“Mine!”: What I Learned About Selfishness and Assertiveness from My Toddler

mineMy son is going through the possessive, small tyrant stage. If my daughter sits on my lap, he races over, clings to my knees, and wails, “MY Mommy!” If I try to put him in the stroller so we can walk from the store to the car in less than an hour, he shrieks, “I walk!” pulls the lead noodle move, and slithers from my arms. If I am reading the Sunday New York Times, he, like a cat, will insert himself between my eyes and the page, laying across the newspaper, flipping over on top of the crumpled mess that is the Style section, and flashing a wide, toothy grin.

Apparently, my husband is going through the same stage. Once I finally have a moment to tuck my legs under me and crack open whatever book I’m reading, he pokes his head under my left arm, plunks his face between me and book, and grins like Jack Nicholson in The Shining.

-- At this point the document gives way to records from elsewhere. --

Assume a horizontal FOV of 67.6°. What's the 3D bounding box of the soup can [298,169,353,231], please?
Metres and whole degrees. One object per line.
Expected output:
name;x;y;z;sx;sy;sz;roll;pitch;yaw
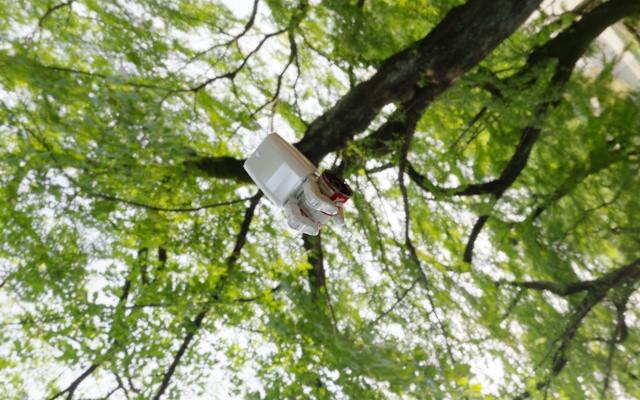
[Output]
soup can;0.000;0.003;0.860;0.102;0.068;0.068;-47;-22;22
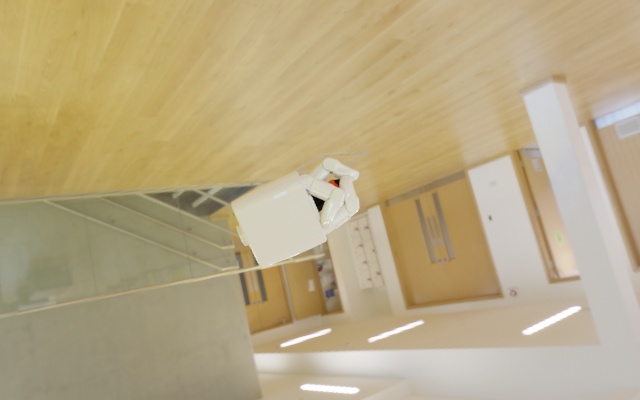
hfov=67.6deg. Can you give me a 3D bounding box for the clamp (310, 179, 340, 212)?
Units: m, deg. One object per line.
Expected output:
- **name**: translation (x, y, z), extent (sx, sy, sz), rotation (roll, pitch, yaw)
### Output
- **clamp**: translation (0.001, 0.003, 0.804), extent (0.120, 0.039, 0.171), rotation (-36, -8, -4)
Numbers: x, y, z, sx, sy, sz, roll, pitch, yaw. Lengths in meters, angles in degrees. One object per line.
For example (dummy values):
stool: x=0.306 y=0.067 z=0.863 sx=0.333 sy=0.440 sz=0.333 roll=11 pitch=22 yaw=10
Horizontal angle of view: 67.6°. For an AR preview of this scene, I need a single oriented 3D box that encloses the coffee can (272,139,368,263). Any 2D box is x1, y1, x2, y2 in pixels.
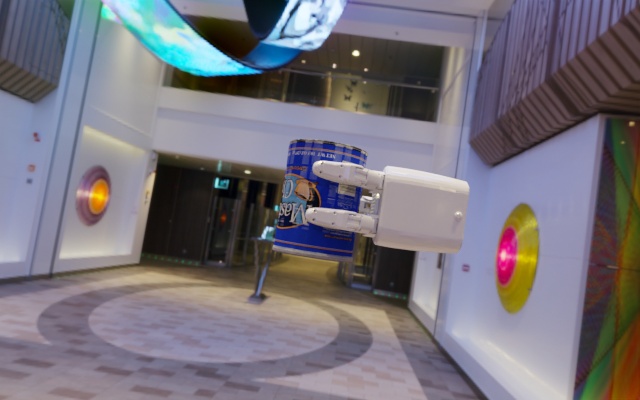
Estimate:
coffee can: x=0.000 y=0.002 z=0.611 sx=0.103 sy=0.140 sz=0.103 roll=9 pitch=-4 yaw=1
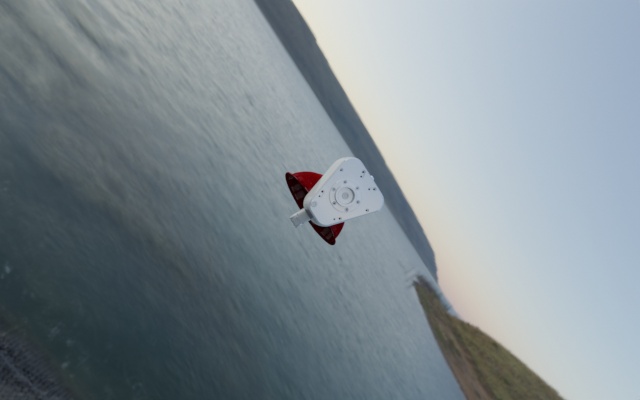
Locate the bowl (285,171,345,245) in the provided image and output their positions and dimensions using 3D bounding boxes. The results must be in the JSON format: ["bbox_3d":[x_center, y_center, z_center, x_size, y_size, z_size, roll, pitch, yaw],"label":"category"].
[{"bbox_3d":[0.000,0.003,0.896,0.055,0.162,0.162,-34,8,-13],"label":"bowl"}]
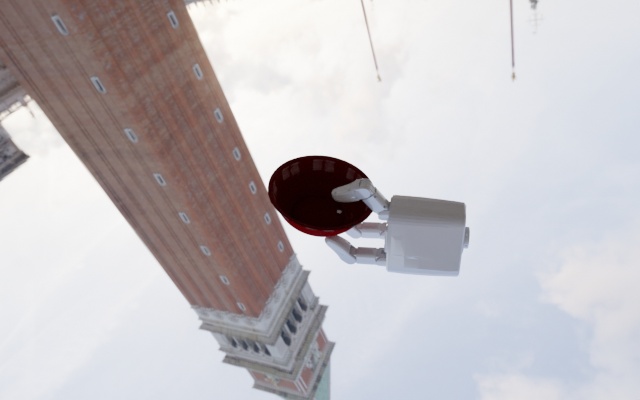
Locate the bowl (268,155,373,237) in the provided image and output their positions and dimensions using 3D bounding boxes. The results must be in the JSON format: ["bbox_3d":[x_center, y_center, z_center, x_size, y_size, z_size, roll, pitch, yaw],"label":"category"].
[{"bbox_3d":[-0.001,0.002,0.721,0.162,0.055,0.162,5,44,-5],"label":"bowl"}]
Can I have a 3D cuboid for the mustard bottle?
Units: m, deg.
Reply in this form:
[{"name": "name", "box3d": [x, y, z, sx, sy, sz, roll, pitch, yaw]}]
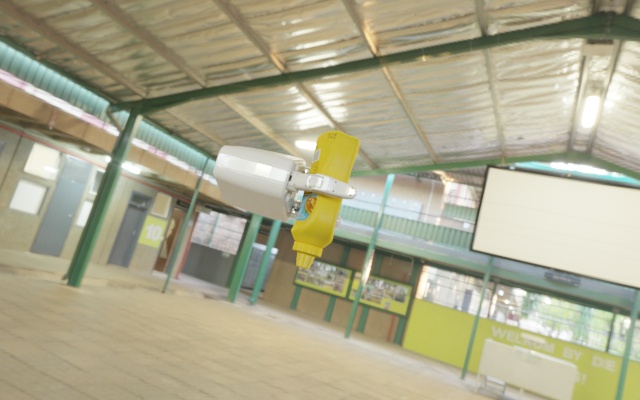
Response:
[{"name": "mustard bottle", "box3d": [0.001, 0.002, 0.675, 0.058, 0.191, 0.096, 19, -10, -17]}]
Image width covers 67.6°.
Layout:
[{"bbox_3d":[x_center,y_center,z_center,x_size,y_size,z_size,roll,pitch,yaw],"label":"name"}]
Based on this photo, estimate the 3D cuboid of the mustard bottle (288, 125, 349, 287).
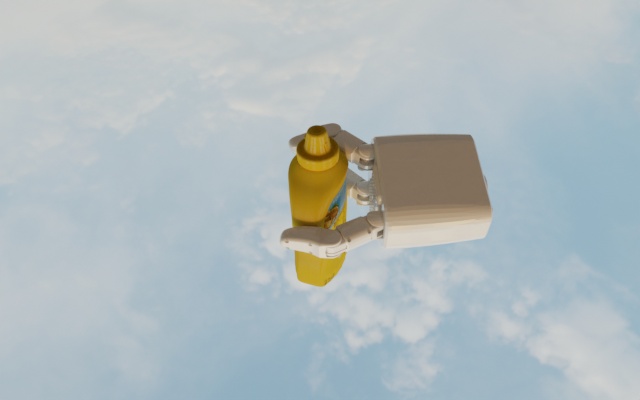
[{"bbox_3d":[0.000,0.002,0.506,0.058,0.096,0.192,14,-41,14],"label":"mustard bottle"}]
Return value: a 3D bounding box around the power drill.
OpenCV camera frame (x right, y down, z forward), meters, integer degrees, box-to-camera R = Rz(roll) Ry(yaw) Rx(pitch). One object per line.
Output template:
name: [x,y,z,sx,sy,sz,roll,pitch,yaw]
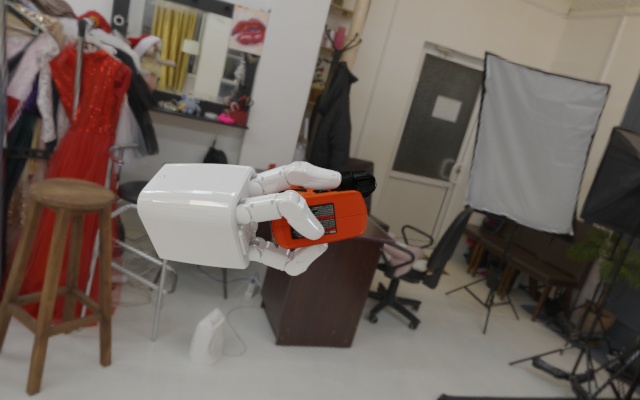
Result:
power drill: [0.000,0.002,0.603,0.184,0.057,0.187,-11,11,-7]
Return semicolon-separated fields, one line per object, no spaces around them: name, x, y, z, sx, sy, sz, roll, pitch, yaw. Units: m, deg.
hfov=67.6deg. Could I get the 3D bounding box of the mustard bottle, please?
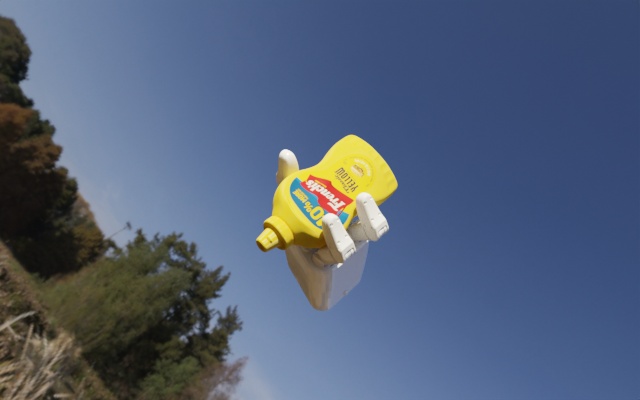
mustard bottle;0.000;0.002;0.582;0.191;0.096;0.058;-36;-7;-28
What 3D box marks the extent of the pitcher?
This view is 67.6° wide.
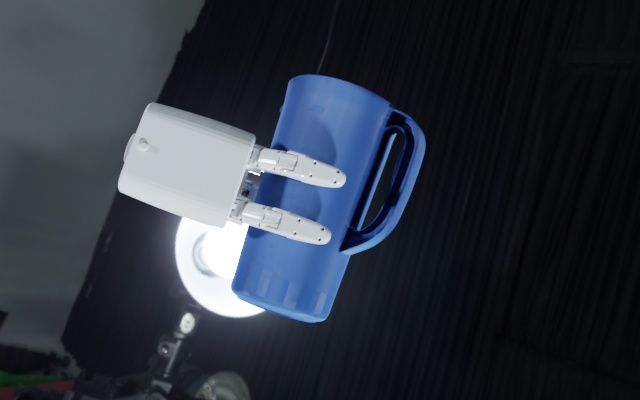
[{"bbox_3d":[0.000,0.002,0.511,0.145,0.243,0.149,19,-8,-12],"label":"pitcher"}]
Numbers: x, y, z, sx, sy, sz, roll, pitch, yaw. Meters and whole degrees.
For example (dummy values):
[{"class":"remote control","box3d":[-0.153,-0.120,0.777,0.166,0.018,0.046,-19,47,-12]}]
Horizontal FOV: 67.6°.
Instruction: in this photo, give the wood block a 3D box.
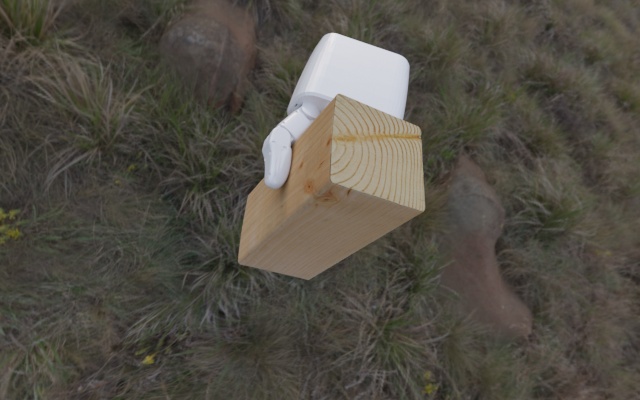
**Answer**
[{"class":"wood block","box3d":[0.000,0.001,0.472,0.091,0.090,0.206,18,-32,-22]}]
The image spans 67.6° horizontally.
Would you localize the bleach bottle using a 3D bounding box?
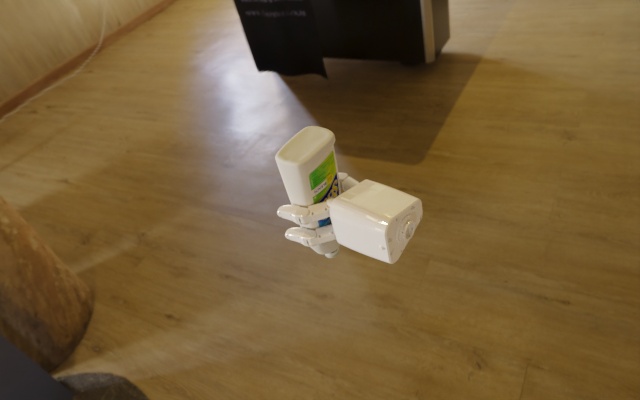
[{"bbox_3d":[0.000,0.003,0.827,0.068,0.251,0.102,22,54,35],"label":"bleach bottle"}]

“Hi,” he announces. “There’s me!”

They don’t have a problem demanding attention. They don’t stop and think, “what if I inconvenience her?” They know what they want and demand it. And I oblige. There are days I put on my exercise gear in the morning and tell myself, “I’ll go to the gym after I feed the kids, put a load of laundry in, make a grocery list…”

You get the picture. A mother’s work is never done, and let’s face it: I will never get to the bottom of that List. There will always be a shoe that needs tying, a hug given, a dish to be washed. My family is oblivious to Mommy’s lack of me time, so when I snap, they rightly wonder, what’s wrong with her?

No fairy godmother will descend from the heavens and say to me, “My God, Evonne, how do you do it? You deserve the weekend off. Let me wash the dishes, watch the kids, and pick up the house while you go to yoga.” I need to take matters into my own hands.

So instead of wondering waiting until everything is done, which it never will be, I am going to take what I need.

Sunday morning yoga: Mine.

A night out with my girlfriends: Mine.

Uninterrupted reading time: Mine.

and…

What else do I need? It’s been so long since I put myself first, I’m not even sure. Does this feel familiar?